* PROVIDED DATA *

○ ○ ○ ○ ○ ○ ○

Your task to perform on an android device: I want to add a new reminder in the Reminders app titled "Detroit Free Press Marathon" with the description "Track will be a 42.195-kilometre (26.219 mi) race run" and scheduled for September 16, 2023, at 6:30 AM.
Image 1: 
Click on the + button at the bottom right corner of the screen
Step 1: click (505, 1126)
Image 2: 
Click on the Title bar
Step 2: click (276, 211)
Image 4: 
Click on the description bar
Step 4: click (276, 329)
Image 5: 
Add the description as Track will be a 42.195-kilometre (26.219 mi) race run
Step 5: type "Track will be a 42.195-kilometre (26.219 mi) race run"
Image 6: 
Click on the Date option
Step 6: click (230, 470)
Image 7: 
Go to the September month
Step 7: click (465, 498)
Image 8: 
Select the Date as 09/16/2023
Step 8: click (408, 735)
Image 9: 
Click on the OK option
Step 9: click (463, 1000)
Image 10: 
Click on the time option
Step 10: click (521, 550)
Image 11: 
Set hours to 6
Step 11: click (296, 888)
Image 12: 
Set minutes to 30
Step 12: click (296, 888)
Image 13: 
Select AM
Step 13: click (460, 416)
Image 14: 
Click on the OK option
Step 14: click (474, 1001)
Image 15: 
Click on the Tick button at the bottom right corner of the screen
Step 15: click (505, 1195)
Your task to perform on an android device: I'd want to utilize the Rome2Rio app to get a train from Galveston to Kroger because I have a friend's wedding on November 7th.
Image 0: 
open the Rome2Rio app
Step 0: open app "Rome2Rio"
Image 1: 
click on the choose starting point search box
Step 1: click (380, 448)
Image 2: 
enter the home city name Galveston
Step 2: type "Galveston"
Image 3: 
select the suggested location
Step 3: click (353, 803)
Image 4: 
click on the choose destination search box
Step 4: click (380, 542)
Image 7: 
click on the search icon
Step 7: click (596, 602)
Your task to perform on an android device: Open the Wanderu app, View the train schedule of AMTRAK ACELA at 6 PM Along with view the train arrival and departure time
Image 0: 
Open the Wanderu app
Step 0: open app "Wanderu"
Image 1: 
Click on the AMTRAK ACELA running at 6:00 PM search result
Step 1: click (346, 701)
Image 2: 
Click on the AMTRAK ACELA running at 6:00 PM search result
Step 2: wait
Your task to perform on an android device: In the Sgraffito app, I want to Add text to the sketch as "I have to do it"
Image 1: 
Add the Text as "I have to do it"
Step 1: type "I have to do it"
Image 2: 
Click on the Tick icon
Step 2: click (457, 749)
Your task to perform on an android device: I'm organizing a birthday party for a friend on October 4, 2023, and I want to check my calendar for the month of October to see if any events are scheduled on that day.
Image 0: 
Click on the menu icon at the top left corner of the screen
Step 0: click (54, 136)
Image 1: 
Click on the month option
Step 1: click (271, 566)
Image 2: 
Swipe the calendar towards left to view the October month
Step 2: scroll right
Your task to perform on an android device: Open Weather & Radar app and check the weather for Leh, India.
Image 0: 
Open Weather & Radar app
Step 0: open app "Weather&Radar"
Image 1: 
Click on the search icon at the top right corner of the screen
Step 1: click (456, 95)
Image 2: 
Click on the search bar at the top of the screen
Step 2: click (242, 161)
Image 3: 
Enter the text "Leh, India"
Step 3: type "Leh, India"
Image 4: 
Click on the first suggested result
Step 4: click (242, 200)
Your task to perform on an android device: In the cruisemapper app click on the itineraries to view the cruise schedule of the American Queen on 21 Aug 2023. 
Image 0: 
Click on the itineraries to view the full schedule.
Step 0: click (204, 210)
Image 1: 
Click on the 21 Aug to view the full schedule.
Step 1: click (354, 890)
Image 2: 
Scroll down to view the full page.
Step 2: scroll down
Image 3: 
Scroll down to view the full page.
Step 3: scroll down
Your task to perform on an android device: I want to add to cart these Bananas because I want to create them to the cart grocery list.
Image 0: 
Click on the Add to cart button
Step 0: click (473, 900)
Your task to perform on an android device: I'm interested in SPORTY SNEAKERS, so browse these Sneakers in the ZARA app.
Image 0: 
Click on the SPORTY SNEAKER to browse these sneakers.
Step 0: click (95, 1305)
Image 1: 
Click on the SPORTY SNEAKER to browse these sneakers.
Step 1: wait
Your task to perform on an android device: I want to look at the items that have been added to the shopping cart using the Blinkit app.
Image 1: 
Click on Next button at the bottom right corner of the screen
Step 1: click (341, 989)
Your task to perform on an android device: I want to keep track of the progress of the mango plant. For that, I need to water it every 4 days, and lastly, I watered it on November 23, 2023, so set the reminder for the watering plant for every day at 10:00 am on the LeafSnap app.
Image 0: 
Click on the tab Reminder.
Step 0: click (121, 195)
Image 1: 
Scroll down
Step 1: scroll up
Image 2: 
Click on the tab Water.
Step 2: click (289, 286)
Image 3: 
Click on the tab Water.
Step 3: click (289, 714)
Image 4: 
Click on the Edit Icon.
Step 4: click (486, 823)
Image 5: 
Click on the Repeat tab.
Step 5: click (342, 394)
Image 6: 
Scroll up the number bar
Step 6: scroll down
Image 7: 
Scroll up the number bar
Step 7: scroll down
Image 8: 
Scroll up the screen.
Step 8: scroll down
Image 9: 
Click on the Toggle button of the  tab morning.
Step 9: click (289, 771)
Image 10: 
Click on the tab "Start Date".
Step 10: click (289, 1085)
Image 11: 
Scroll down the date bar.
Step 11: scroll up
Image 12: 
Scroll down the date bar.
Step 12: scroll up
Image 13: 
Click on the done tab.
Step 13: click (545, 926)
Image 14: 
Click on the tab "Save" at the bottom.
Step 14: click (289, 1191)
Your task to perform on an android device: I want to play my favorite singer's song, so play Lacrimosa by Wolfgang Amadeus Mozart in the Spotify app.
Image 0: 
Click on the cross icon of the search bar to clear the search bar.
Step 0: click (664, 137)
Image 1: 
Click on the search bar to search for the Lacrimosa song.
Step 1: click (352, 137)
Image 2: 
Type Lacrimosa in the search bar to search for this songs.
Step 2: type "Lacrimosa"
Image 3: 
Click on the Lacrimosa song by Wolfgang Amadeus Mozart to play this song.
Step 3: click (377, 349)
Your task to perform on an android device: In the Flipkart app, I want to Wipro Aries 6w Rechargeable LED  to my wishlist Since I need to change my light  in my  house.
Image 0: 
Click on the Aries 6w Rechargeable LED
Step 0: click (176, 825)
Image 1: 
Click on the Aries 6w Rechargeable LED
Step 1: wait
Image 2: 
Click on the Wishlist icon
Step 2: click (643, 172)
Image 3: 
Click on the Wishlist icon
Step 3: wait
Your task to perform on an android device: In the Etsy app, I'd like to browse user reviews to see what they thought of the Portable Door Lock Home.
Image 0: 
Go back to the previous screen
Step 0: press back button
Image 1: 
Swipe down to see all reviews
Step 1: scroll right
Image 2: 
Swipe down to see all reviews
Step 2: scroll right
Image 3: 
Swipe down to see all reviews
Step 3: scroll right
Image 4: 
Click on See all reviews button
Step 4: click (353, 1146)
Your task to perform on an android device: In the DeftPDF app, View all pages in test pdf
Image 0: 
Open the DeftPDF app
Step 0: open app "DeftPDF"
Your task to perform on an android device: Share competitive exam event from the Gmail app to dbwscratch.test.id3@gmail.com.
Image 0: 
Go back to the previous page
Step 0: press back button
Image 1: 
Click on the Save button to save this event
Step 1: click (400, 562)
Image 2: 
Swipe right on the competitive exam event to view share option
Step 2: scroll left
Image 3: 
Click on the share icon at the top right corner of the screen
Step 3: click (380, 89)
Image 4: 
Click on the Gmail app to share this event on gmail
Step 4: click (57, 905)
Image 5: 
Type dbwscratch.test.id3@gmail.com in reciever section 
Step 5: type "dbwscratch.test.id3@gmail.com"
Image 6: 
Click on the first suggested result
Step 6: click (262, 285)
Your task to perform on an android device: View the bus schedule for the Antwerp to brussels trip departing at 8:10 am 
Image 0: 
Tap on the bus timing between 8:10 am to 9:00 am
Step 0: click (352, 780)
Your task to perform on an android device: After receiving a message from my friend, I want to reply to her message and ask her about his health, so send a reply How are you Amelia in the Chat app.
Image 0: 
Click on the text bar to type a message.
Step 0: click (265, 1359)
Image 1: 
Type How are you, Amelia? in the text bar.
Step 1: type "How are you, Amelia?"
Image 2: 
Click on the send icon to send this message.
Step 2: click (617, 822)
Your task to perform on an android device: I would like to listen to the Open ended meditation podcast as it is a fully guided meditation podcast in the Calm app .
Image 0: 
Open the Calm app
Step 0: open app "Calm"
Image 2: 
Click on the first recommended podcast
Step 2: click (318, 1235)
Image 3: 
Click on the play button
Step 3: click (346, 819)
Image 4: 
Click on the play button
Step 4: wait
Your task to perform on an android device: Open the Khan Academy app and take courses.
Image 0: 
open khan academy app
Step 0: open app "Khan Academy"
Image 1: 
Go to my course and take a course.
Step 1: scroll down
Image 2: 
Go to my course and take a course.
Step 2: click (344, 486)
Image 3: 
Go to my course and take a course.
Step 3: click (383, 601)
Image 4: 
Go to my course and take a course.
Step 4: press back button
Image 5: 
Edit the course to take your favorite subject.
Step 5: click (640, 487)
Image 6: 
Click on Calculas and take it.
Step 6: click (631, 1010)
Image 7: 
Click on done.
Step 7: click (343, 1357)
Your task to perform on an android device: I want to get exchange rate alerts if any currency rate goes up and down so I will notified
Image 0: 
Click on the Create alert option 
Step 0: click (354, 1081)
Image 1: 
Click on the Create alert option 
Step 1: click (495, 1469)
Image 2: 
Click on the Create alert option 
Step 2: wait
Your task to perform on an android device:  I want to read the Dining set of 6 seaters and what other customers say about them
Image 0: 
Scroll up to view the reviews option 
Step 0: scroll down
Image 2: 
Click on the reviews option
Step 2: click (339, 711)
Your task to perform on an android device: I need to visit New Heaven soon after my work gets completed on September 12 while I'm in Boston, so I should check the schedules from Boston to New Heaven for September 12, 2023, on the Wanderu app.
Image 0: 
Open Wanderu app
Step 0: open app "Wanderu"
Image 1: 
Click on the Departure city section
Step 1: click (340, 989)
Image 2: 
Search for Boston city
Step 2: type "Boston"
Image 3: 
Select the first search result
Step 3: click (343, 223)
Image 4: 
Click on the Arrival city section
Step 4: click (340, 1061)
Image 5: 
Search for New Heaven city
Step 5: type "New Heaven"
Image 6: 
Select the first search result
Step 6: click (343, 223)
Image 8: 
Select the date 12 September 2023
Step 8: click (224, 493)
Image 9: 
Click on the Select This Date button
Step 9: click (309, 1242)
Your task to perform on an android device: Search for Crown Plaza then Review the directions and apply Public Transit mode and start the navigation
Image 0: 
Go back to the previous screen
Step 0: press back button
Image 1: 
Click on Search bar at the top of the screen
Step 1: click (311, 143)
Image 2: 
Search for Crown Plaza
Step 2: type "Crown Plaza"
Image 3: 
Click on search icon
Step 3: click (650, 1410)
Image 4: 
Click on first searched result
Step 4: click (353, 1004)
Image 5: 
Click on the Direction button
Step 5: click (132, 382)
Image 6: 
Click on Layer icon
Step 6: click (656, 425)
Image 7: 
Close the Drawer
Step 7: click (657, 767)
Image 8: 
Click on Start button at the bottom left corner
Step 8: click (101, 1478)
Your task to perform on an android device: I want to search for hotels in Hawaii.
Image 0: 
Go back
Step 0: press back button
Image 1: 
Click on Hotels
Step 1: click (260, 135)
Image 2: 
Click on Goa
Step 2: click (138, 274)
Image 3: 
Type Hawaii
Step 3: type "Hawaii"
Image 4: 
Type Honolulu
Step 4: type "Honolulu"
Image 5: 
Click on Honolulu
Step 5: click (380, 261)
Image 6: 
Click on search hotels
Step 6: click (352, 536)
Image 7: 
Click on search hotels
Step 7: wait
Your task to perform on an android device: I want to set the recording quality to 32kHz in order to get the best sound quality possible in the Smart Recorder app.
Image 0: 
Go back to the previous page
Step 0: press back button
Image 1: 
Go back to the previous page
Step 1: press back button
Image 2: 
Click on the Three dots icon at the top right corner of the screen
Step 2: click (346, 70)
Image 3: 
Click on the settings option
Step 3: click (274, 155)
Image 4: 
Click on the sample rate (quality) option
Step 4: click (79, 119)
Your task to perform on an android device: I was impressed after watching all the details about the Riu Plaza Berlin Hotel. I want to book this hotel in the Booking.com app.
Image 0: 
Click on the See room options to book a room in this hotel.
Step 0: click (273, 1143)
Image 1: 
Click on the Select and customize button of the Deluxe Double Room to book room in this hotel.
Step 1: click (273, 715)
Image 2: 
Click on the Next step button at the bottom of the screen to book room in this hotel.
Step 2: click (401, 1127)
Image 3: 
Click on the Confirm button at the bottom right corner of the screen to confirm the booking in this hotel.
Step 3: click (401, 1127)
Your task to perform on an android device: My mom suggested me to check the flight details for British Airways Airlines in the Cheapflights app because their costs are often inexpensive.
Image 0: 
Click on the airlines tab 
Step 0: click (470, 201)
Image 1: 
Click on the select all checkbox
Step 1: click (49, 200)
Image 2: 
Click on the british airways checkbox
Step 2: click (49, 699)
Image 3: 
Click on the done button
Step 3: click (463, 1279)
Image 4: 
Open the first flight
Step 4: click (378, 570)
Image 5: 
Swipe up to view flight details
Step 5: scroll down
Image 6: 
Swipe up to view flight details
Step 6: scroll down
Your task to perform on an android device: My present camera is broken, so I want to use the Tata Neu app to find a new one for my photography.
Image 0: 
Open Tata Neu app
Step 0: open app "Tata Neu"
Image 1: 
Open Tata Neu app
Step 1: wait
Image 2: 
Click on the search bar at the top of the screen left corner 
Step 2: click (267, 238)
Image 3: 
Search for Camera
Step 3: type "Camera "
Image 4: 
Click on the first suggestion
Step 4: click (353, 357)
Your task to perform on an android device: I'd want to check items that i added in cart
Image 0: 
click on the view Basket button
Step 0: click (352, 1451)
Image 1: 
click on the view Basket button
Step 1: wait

○ ○ ○ ○ ○ ○ ○

* EXERCISE INSTRUCTIONS *
Every line above that holds the string "items" should be copied out.

* TASK ANSWER *
Your task to perform on an android device: I want to look at the items that have been added to the shopping cart using the Blinkit app.
Your task to perform on an android device: I'd want to check items that i added in cart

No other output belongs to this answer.